A similar equation can be derived for the model of diploid-selection in continuous time, but we will not study it (see Problem 3.16 in the text if you are curious).

6. Comparing haploid selection in discrete and continuous time


Are the discrete- and continuous-time models of haploid selection as different as they look?

\[ p(t+1) = \frac{W_A p(t)}{W_A p(t) + W_a q(t)} \]
\[ \frac{\mathrm{d}p}{\mathrm{d}t} = s_c p(t) q(t) \]

Not really. Discrete and continuous time models generally behave in a similar fashion when changes occur slowly over time. For this model of haploid selection, this implies that the discrete and continuous models will be similar when the fitnesses of the two alleles are nearly equal, i.e., when \(W_A - W_a\) is small. This is called "weak selection".

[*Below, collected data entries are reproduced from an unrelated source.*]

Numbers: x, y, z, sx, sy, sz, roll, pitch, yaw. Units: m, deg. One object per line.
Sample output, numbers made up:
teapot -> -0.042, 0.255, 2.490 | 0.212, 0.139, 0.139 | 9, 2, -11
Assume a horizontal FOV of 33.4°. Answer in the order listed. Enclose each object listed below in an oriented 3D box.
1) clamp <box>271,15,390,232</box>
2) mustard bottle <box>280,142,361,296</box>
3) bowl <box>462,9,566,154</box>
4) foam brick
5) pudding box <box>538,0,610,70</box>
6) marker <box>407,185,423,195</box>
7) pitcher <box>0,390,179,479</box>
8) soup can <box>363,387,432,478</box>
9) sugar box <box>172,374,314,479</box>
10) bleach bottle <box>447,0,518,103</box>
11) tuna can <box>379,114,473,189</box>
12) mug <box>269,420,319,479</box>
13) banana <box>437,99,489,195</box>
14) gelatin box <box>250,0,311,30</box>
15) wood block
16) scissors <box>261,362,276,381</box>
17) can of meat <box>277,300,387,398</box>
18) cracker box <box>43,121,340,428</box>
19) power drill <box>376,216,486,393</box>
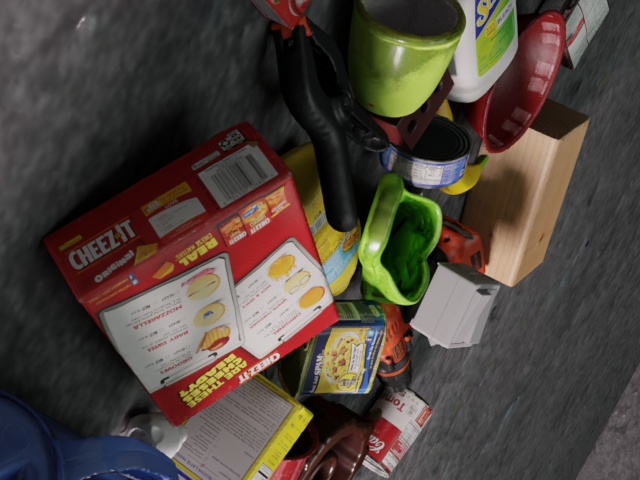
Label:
clamp -> 0.011, -0.105, 0.847 | 0.120, 0.039, 0.171 | -64, 141, -54
mustard bottle -> -0.007, 0.001, 0.951 | 0.096, 0.058, 0.191 | -50, 151, -15
bowl -> 0.195, -0.175, 1.127 | 0.161, 0.055, 0.162 | -41, 148, -33
foam brick -> 0.076, -0.131, 0.969 | 0.078, 0.051, 0.053 | -57, 153, -5
pudding box -> 0.292, -0.260, 1.229 | 0.090, 0.039, 0.113 | -60, 156, -4
marker -> 0.099, -0.028, 1.148 | 0.020, 0.020, 0.121 | -38, 146, -37
pitcher -> -0.182, 0.191, 0.752 | 0.145, 0.149, 0.242 | -61, 157, -11
soup can -> 0.086, 0.237, 1.337 | 0.102, 0.069, 0.068 | -52, 152, -16
sugar box -> -0.095, 0.201, 0.962 | 0.176, 0.093, 0.048 | -54, 152, -10
bleach bottle -> 0.127, -0.243, 0.937 | 0.102, 0.068, 0.251 | -49, 149, -23
tuna can -> 0.100, -0.086, 1.018 | 0.086, 0.086, 0.034 | -34, 145, -41
mug -> -0.067, 0.213, 1.036 | 0.117, 0.093, 0.082 | -3, 126, -41
banana -> 0.137, -0.092, 1.137 | 0.197, 0.037, 0.069 | 37, 66, -64
gelatin box -> -0.026, -0.200, 0.749 | 0.073, 0.030, 0.089 | -58, 153, -3
wood block -> 0.238, -0.061, 1.278 | 0.090, 0.090, 0.206 | -31, 141, -45
scissors -> -0.062, 0.096, 0.977 | 0.096, 0.016, 0.202 | -10, 149, -28
can of meat -> 0.013, 0.106, 1.051 | 0.083, 0.057, 0.102 | 2, 121, -23
cracker box -> -0.085, 0.031, 0.791 | 0.164, 0.072, 0.213 | -32, 148, -9
power drill -> 0.119, 0.078, 1.246 | 0.187, 0.057, 0.184 | -50, 152, -18
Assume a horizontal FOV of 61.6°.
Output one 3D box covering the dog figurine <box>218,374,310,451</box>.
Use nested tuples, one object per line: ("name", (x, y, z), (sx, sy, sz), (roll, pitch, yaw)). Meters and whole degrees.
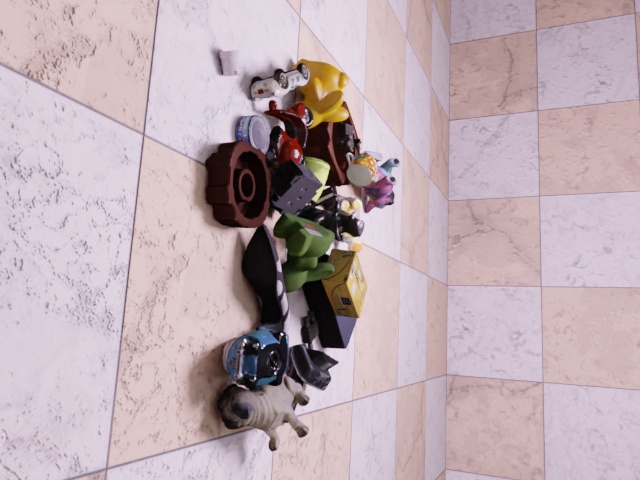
("dog figurine", (-0.121, 0.311, 1.079), (0.190, 0.121, 0.172), (46, 12, -34))

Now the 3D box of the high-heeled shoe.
("high-heeled shoe", (-0.097, 0.091, 1.149), (0.145, 0.086, 0.248), (0, 94, -68))

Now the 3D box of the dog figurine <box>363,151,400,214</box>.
("dog figurine", (0.165, -0.175, 1.733), (0.219, 0.192, 0.108), (116, -15, -60))

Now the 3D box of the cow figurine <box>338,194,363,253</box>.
("cow figurine", (0.077, -0.045, 1.551), (0.068, 0.098, 0.167), (-15, 110, -21))

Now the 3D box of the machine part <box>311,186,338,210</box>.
("machine part", (0.017, -0.110, 1.432), (0.039, 0.084, 0.138), (61, 10, 14))

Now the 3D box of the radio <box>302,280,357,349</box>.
("radio", (0.032, 0.169, 1.441), (0.131, 0.073, 0.229), (-61, 143, -50))

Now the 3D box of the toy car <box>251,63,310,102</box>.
("toy car", (-0.086, -0.352, 1.201), (0.202, 0.074, 0.056), (-48, 128, -57))

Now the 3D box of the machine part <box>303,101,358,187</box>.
("machine part", (0.029, -0.258, 1.440), (0.200, 0.087, 0.201), (64, 36, -43))

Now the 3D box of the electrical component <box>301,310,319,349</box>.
("electrical component", (-0.024, 0.231, 1.371), (0.063, 0.021, 0.093), (-39, 123, -62))

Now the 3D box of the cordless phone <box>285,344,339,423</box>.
("cordless phone", (-0.036, 0.354, 1.294), (0.146, 0.089, 0.184), (48, 57, -56))

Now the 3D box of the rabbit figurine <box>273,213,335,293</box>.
("rabbit figurine", (-0.049, 0.041, 1.206), (0.159, 0.121, 0.170), (9, 115, -47))

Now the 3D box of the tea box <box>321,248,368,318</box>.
("tea box", (0.063, 0.108, 1.319), (0.169, 0.068, 0.098), (71, 32, -49))

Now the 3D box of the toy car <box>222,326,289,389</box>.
("toy car", (-0.133, 0.225, 1.028), (0.161, 0.103, 0.109), (3, 90, -60))

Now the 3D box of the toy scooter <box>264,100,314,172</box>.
("toy scooter", (-0.081, -0.236, 1.198), (0.135, 0.075, 0.184), (29, 71, -53))

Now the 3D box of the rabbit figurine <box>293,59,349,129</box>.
("rabbit figurine", (-0.006, -0.338, 1.320), (0.173, 0.163, 0.121), (-60, 158, -20))

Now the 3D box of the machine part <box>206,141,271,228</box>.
("machine part", (-0.157, -0.106, 1.053), (0.179, 0.056, 0.179), (0, 90, -67))

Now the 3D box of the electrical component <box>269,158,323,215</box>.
("electrical component", (-0.061, -0.111, 1.189), (0.058, 0.115, 0.134), (53, 15, 23))

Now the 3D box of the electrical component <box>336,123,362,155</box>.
("electrical component", (0.075, -0.260, 1.383), (0.102, 0.045, 0.078), (8, 83, -66))

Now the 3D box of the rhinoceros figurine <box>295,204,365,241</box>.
("rhinoceros figurine", (0.017, -0.039, 1.285), (0.112, 0.191, 0.073), (-39, 129, -38))

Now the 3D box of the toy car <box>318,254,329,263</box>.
("toy car", (-0.003, -0.004, 1.348), (0.053, 0.089, 0.202), (68, 33, -46))
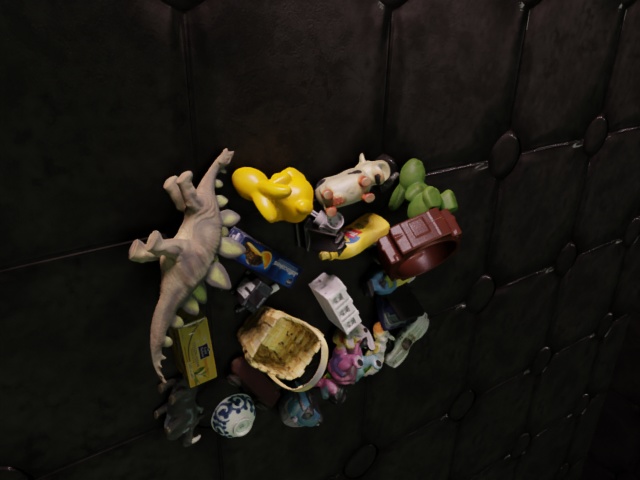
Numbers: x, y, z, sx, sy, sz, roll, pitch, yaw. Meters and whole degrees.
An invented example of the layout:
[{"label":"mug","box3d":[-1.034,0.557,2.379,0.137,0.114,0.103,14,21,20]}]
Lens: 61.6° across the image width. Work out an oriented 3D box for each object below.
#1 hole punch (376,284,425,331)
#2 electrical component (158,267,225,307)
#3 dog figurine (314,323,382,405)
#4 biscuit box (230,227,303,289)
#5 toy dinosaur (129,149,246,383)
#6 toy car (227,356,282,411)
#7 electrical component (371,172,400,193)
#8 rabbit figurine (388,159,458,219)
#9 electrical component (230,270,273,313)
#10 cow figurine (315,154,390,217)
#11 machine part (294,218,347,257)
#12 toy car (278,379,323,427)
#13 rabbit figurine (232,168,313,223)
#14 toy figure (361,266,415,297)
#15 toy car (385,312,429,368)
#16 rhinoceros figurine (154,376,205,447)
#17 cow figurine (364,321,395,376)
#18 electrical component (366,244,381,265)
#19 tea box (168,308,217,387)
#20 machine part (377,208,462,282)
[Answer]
[{"label":"hole punch","box3d":[0.223,0.197,1.562,0.142,0.116,0.092,-8,147,-34]},{"label":"electrical component","box3d":[-0.274,0.084,1.160,0.134,0.058,0.114,-4,115,-35]},{"label":"dog figurine","box3d":[0.054,0.350,1.513,0.108,0.192,0.219,10,139,-42]},{"label":"biscuit box","box3d":[-0.132,0.045,1.244,0.202,0.059,0.063,33,90,-42]},{"label":"toy dinosaur","box3d":[-0.260,0.036,1.055,0.198,0.105,0.471,31,75,-33]},{"label":"toy car","box3d":[-0.166,0.363,1.380,0.089,0.053,0.201,-58,136,-26]},{"label":"electrical component","box3d":[0.153,-0.145,1.363,0.094,0.063,0.021,-39,129,-14]},{"label":"rabbit figurine","box3d":[0.261,-0.125,1.411,0.121,0.170,0.159,-2,154,-34]},{"label":"electrical component","box3d":[-0.149,0.125,1.232,0.075,0.119,0.047,-54,131,-6]},{"label":"cow figurine","box3d":[0.080,-0.137,1.290,0.195,0.127,0.085,-23,124,-9]},{"label":"machine part","box3d":[-0.003,-0.004,1.270,0.039,0.139,0.084,-30,128,-51]},{"label":"toy car","box3d":[-0.063,0.465,1.486,0.103,0.109,0.161,-26,140,2]},{"label":"rabbit figurine","box3d":[-0.108,-0.095,1.153,0.173,0.162,0.121,24,109,-24]},{"label":"toy figure","box3d":[0.198,0.098,1.506,0.180,0.082,0.089,-20,122,-25]},{"label":"toy car","box3d":[0.269,0.306,1.675,0.201,0.056,0.073,-50,131,-6]},{"label":"rhinoceros figurine","box3d":[-0.328,0.405,1.272,0.112,0.073,0.190,-15,118,-43]},{"label":"cow figurine","box3d":[0.174,0.321,1.604,0.098,0.068,0.167,13,107,-46]},{"label":"electrical component","box3d":[0.176,0.019,1.478,0.102,0.045,0.078,-38,101,-19]},{"label":"tea box","box3d":[-0.287,0.227,1.193,0.068,0.098,0.169,-20,124,-27]},{"label":"machine part","box3d":[0.252,0.018,1.365,0.201,0.087,0.201,-24,156,-4]}]

In the discrete model, the change in the allele frequency is

\[ \begin{aligned} \Delta p &= p(t+1) - p(t) \\ &= \frac{W_A p(t)}{W_A p(t) + W_a q(t)} - p(t) \\ &= \frac{(W_A - W_a)p(t) q(t)}{W_A p(t) + W_a q(t)}. \end{aligned} \]

Now define \(s_d = (W_A - W_a)/W_a\) as the discrete time selection coefficient. Subbing this in as \(W_A = s_d W_a + W_a\) gives

\[ \begin{aligned} \Delta p &= \frac{(W_A-W_a)p(t) q(t)}{W_A p(t) + W_a q(t)}\\ &= \frac{(s_d W_a + W_a - W_a) p(t) q(t)}{(s_d W_a + W_a) p(t) + W_a q(t)}\\ &= \frac{s_d W_a p(t) q(t)}{s_d W_a p(t) + W_a (p(t) + q(t))}\\ &= \frac{s_d W_a p(t) q(t)}{s_d W_a p(t) + W_a}\\ &= \frac{s_d p(t) q(t)}{s_d p(t) + 1}\\ \end{aligned} \]

Now assume weak selection, i.e., that \(s_d\) is small. This implies \(s_d p(t) + 1 \approx 1\). Making this approximation we have

\[ \Delta p \approx s_d p(t) q(t) \]

This is equivalent to the continuous-time model when the selection coefficients are equal, \(s_c = s_d\).

7. The models we've covered


To summarize the last two lectures, we've derived four of the most classic models in ecology and evolution:

Model Discrete time Continous time
Exponential growth \(n(t+1) = R n(t)\) \(\frac{\mathrm{d}n}{\mathrm{d}t} = r n(t)\)
Logistic growth \(n(t+1) = (1 + r(1 - \frac{n(t)}{K}))n(t)\) \(\frac{\mathrm{d}n}{\mathrm{d}t} = r(1 - \frac{n(t)}{K})n(t)\)
Haploid selection \(p(t+1) = \frac{W_A p(t)}{W_A p(t) + W_a q(t)}\) \(\frac{\mathrm{d}p}{\mathrm{d}t} = s p(t)(1-p(t))\)
Diploid selection \(p(t+1) = \frac{W_{AA}p(t)^2 + W_{Aa}p(t) q(t)}{W_{AA}p(t)^2 + 2 W_{Aa} p(t) q(t) + W_{aa} q(t)^2}\) Not derived

See textbook Sections 3.4 and 3.5 for models of interacting species and epidemiology, respectively, which we won't cover in class.